[Data items]
"""

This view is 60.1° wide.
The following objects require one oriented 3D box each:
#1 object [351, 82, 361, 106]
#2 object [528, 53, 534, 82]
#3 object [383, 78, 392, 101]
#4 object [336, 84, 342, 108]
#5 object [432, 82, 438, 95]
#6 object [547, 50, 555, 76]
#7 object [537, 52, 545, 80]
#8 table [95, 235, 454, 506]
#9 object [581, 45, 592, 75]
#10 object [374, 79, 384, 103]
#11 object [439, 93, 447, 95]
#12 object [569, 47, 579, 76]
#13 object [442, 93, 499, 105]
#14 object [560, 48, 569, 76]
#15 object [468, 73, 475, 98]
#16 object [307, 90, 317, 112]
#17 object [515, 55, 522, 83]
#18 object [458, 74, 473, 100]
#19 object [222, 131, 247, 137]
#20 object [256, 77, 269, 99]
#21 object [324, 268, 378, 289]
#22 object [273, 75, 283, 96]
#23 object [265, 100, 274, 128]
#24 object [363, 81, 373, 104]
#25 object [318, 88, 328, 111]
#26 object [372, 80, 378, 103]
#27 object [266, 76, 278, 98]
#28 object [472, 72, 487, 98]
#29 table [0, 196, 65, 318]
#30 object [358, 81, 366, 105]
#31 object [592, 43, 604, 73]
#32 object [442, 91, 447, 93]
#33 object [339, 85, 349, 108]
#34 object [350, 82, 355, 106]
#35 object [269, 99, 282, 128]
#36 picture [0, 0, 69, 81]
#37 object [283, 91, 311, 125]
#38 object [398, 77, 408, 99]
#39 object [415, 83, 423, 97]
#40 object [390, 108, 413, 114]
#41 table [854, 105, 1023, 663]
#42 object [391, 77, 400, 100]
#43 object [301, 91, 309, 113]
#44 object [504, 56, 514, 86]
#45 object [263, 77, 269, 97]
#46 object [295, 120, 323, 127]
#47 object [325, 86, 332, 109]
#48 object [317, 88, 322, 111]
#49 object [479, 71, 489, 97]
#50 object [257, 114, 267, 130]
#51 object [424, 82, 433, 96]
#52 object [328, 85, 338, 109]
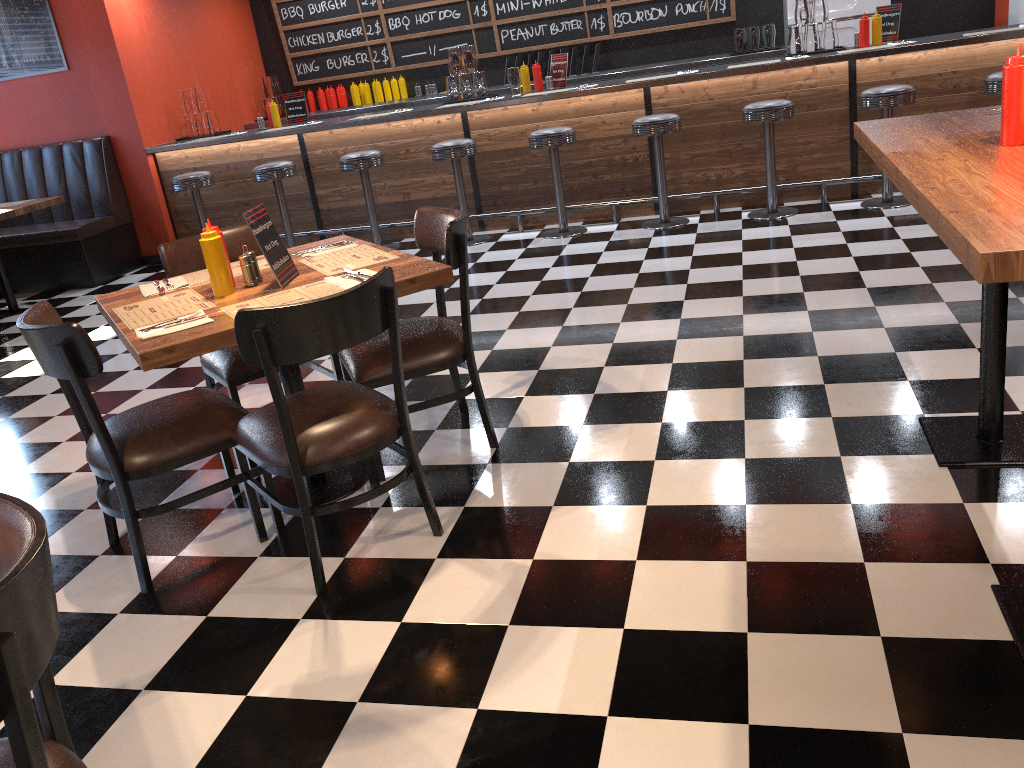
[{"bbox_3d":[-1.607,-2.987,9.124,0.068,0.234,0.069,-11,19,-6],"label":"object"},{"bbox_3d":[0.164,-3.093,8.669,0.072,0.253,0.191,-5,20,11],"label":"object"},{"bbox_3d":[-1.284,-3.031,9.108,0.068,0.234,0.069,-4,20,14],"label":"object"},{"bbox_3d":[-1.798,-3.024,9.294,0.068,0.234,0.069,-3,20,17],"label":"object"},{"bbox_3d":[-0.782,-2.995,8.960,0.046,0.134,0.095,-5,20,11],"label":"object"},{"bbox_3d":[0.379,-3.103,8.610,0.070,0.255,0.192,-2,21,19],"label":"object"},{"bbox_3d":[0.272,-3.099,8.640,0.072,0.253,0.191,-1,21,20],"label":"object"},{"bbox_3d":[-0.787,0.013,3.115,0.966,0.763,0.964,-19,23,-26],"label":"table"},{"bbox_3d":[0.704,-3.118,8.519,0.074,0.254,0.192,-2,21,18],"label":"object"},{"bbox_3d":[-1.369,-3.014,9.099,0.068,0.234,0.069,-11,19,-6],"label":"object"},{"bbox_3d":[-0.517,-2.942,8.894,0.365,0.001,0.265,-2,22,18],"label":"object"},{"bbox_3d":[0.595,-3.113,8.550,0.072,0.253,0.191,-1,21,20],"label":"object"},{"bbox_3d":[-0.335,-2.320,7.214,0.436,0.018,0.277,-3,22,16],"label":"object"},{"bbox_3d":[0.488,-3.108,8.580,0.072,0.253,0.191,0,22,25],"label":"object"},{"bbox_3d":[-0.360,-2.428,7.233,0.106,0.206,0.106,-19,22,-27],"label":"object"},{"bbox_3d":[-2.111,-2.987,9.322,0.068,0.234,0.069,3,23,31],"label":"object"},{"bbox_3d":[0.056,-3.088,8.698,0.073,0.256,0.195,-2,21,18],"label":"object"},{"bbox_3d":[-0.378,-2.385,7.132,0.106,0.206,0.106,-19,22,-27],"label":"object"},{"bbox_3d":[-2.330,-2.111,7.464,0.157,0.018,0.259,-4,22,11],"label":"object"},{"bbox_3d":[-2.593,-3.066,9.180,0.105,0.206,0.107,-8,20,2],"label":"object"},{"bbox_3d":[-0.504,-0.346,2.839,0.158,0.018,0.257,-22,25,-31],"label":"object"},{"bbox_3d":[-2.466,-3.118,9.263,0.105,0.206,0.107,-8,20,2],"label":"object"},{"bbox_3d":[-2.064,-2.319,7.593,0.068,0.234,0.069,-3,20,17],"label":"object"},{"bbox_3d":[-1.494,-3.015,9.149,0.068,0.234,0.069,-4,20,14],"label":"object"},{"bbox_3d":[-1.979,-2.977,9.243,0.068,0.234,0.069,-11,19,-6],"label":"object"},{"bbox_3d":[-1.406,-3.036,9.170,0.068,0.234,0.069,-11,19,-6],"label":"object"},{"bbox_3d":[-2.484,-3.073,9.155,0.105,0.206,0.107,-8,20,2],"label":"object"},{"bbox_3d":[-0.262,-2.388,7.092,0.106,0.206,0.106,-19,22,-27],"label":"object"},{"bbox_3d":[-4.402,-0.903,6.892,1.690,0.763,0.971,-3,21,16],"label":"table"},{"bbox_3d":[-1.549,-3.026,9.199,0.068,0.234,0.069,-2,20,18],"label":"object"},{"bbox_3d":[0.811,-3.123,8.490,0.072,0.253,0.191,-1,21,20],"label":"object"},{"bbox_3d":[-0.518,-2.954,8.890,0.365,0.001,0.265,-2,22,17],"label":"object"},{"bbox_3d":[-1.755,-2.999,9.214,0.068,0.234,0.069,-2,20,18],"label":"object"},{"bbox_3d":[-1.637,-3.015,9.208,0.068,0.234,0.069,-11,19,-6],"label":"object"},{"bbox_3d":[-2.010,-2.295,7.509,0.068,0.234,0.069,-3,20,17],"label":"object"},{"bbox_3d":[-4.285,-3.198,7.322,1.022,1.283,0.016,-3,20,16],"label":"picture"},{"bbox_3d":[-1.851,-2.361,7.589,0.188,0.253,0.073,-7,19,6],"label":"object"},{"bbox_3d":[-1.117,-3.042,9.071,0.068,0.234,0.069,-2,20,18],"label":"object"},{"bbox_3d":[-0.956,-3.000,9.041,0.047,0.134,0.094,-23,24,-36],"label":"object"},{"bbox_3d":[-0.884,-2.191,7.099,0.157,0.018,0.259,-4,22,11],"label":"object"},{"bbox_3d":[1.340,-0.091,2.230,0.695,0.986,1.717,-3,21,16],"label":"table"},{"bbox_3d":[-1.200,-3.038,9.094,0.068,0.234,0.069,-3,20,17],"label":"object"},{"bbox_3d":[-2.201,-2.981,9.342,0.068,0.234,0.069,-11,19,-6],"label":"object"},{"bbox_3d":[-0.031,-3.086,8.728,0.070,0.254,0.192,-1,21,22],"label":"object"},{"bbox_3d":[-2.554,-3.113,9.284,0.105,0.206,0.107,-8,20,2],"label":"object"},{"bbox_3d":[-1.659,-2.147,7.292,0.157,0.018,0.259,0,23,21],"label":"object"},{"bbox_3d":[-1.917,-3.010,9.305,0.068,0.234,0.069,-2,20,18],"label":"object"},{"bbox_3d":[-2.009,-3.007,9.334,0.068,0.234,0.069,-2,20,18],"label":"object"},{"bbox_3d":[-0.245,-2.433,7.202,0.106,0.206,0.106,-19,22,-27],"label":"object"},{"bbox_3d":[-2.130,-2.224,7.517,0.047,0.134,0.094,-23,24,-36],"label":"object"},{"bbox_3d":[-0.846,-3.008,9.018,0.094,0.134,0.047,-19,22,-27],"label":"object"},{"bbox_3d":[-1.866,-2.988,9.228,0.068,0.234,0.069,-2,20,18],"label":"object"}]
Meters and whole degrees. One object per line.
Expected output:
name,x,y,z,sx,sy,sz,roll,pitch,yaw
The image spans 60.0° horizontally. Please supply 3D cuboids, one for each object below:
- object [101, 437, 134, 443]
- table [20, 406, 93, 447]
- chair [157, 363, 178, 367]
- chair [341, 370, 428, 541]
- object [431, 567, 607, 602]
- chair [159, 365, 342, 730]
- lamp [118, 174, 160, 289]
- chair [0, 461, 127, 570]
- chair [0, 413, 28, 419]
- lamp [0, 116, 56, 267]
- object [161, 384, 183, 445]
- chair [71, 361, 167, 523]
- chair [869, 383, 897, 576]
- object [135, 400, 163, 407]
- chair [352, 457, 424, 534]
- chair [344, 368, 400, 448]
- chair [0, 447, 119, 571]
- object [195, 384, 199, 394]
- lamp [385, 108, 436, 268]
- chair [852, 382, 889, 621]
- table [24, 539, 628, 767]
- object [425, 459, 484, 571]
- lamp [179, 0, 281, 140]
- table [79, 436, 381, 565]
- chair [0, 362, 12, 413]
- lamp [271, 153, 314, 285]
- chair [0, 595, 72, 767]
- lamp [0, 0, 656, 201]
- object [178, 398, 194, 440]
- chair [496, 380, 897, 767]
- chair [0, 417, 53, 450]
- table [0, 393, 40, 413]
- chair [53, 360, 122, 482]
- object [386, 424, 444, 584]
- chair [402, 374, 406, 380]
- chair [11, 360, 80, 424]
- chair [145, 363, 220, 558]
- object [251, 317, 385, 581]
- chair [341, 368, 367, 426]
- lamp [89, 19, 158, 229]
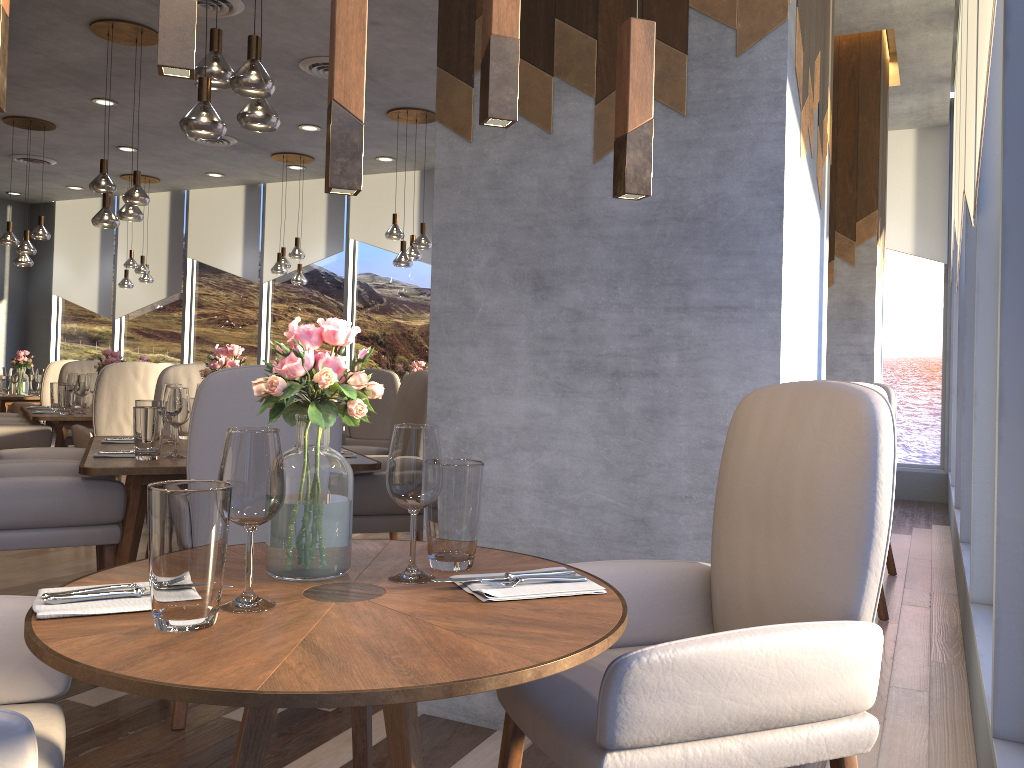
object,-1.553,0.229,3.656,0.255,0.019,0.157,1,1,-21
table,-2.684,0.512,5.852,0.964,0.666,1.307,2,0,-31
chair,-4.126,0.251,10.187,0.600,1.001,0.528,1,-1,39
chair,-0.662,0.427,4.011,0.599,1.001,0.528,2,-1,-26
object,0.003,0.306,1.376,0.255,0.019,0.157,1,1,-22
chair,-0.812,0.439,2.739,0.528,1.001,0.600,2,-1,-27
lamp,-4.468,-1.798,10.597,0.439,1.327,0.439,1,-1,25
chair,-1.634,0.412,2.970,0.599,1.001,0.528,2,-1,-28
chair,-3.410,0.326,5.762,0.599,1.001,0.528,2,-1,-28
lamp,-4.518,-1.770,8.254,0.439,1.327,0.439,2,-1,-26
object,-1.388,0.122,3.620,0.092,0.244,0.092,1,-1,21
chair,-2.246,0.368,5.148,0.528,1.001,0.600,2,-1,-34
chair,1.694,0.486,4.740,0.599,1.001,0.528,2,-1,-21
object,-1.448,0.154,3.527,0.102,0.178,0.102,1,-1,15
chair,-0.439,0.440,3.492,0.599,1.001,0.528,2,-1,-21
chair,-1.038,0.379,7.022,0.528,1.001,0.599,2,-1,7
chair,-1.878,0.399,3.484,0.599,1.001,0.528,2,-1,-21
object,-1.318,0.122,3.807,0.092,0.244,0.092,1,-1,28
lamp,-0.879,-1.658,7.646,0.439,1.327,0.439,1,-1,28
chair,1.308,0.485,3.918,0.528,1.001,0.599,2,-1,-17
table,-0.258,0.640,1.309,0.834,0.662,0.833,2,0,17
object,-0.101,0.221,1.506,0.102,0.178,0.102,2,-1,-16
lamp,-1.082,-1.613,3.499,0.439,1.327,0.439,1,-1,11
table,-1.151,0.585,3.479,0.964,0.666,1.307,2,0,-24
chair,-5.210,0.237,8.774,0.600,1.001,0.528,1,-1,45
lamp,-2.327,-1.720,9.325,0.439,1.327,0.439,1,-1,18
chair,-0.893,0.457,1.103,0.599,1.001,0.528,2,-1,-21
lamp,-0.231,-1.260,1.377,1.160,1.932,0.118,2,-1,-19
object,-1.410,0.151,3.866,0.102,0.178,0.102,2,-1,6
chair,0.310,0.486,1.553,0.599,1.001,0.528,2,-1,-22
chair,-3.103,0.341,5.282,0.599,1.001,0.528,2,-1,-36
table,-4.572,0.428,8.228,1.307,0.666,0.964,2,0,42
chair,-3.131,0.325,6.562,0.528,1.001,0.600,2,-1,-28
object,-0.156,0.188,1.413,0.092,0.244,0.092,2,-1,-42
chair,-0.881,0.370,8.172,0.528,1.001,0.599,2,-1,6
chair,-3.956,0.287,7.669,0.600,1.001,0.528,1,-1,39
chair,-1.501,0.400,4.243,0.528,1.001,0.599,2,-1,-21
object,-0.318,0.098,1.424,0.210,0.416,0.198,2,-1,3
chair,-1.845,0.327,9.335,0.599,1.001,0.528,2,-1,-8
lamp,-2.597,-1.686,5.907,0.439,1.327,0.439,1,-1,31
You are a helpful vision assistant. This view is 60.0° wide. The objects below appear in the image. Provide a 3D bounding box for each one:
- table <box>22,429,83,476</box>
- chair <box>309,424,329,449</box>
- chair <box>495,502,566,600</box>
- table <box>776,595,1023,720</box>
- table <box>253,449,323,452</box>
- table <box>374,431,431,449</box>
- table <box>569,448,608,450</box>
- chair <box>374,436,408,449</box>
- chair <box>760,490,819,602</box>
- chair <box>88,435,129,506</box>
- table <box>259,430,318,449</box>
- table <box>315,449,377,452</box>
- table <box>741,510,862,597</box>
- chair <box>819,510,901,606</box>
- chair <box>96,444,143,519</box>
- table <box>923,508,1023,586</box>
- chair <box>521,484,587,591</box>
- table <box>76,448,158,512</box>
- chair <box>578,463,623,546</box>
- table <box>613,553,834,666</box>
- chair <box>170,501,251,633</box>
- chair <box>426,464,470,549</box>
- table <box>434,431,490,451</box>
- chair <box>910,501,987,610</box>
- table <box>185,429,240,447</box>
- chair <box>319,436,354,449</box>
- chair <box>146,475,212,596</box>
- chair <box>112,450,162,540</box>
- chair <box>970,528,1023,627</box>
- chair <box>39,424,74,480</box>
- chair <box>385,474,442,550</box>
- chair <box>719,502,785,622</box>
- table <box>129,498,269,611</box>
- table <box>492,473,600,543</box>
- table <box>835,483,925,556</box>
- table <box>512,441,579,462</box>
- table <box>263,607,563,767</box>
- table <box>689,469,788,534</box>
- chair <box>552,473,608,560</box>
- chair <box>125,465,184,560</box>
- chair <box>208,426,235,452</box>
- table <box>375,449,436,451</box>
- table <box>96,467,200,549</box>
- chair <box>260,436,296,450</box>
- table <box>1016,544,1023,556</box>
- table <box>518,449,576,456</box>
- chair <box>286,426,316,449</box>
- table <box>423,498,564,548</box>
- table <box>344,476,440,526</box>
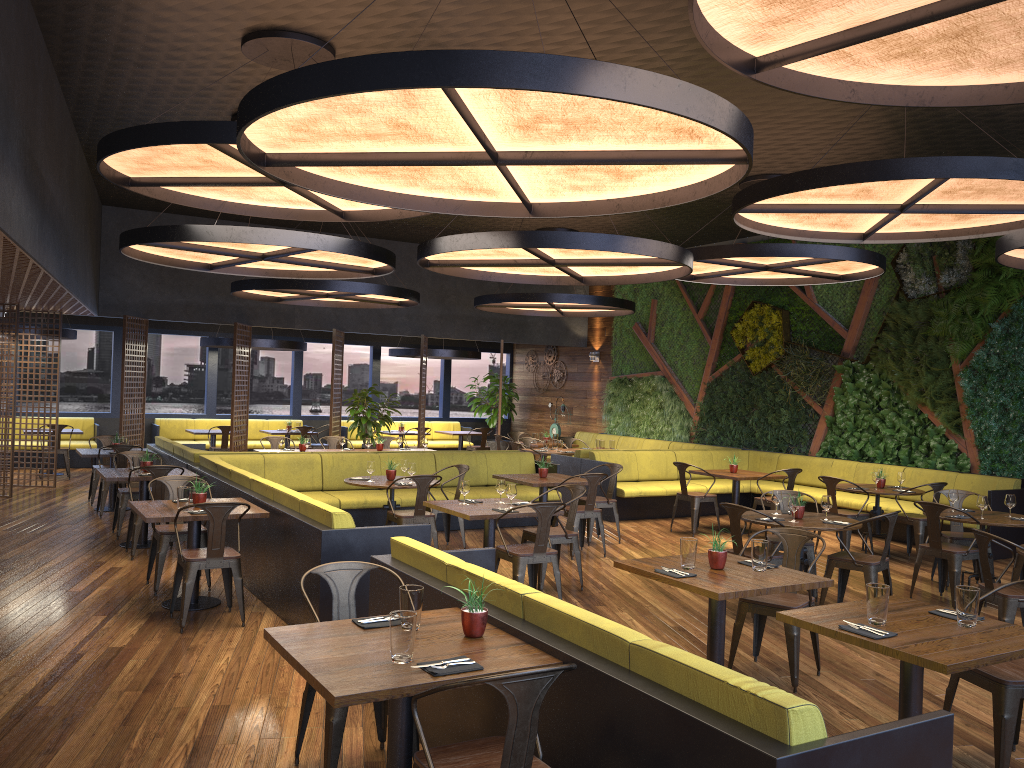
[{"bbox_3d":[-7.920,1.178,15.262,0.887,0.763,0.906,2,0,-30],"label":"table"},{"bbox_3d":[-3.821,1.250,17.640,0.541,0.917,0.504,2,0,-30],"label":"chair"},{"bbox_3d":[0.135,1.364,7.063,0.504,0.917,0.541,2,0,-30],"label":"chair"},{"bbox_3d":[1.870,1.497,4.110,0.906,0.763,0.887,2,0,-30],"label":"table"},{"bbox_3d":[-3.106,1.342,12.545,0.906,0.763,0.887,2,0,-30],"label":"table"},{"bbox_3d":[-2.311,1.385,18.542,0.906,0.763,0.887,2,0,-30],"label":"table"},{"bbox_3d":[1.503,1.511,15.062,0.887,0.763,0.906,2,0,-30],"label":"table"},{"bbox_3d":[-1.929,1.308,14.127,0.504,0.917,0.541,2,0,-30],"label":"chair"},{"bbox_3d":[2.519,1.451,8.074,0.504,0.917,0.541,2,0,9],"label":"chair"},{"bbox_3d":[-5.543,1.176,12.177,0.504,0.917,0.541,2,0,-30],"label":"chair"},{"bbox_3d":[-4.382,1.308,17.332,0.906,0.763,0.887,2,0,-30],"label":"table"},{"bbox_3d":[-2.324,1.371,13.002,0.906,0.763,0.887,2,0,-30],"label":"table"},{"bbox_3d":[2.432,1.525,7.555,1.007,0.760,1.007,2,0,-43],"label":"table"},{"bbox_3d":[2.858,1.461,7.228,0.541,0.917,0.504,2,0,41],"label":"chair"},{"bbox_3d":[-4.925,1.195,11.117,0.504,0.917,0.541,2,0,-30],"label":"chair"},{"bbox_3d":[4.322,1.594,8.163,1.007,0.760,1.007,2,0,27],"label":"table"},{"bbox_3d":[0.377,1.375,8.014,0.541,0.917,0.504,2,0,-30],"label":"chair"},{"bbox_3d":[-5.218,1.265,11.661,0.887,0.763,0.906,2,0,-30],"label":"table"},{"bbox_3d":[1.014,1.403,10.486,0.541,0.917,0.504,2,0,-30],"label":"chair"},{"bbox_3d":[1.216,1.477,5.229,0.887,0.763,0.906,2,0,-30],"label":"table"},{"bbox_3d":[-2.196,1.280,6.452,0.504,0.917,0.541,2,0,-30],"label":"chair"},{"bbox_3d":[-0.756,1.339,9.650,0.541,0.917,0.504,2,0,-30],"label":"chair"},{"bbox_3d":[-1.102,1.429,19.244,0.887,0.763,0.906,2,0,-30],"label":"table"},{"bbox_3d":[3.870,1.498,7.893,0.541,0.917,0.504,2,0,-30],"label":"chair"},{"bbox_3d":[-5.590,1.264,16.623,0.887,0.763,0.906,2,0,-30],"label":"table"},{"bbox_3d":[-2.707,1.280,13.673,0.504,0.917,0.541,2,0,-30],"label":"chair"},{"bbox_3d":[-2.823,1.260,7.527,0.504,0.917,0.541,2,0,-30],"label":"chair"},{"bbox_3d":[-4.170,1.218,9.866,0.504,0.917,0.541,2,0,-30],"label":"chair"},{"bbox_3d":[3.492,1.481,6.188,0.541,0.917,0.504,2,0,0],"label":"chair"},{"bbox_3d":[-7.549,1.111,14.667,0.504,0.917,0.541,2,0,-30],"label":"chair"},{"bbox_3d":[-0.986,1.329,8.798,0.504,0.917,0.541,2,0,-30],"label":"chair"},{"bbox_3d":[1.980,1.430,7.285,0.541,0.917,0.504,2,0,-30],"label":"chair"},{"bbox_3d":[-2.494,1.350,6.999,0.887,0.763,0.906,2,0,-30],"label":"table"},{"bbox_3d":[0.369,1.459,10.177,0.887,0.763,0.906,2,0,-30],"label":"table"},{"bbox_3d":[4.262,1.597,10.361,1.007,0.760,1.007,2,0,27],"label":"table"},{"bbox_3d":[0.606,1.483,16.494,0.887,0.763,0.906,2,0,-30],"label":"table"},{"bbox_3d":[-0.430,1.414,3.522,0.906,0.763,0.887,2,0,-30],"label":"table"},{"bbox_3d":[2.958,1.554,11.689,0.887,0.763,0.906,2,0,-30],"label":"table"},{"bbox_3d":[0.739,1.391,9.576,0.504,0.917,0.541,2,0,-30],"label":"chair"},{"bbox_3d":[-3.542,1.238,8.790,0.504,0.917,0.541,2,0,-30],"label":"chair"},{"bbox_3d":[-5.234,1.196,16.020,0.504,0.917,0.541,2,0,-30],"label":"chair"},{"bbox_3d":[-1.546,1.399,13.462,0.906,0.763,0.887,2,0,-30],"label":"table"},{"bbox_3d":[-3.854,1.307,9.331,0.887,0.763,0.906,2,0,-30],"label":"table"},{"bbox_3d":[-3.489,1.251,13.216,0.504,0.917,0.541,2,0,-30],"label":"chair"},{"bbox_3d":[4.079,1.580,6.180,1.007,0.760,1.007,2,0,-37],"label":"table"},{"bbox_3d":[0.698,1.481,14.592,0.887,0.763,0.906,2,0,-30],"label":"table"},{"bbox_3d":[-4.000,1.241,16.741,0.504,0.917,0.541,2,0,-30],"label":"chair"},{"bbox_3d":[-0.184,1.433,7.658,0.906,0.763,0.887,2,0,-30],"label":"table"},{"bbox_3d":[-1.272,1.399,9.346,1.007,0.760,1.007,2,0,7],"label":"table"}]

"""

Task details>
Wherever the word "objects" turns up in the records, copy out the line it is on.

Solution to the exercise>
The following objects require one oriented 3D box each:
You are a helpful vision assistant. This view is 60.0° wide. The objects below appear in the image. Provide a 3D bounding box for each one:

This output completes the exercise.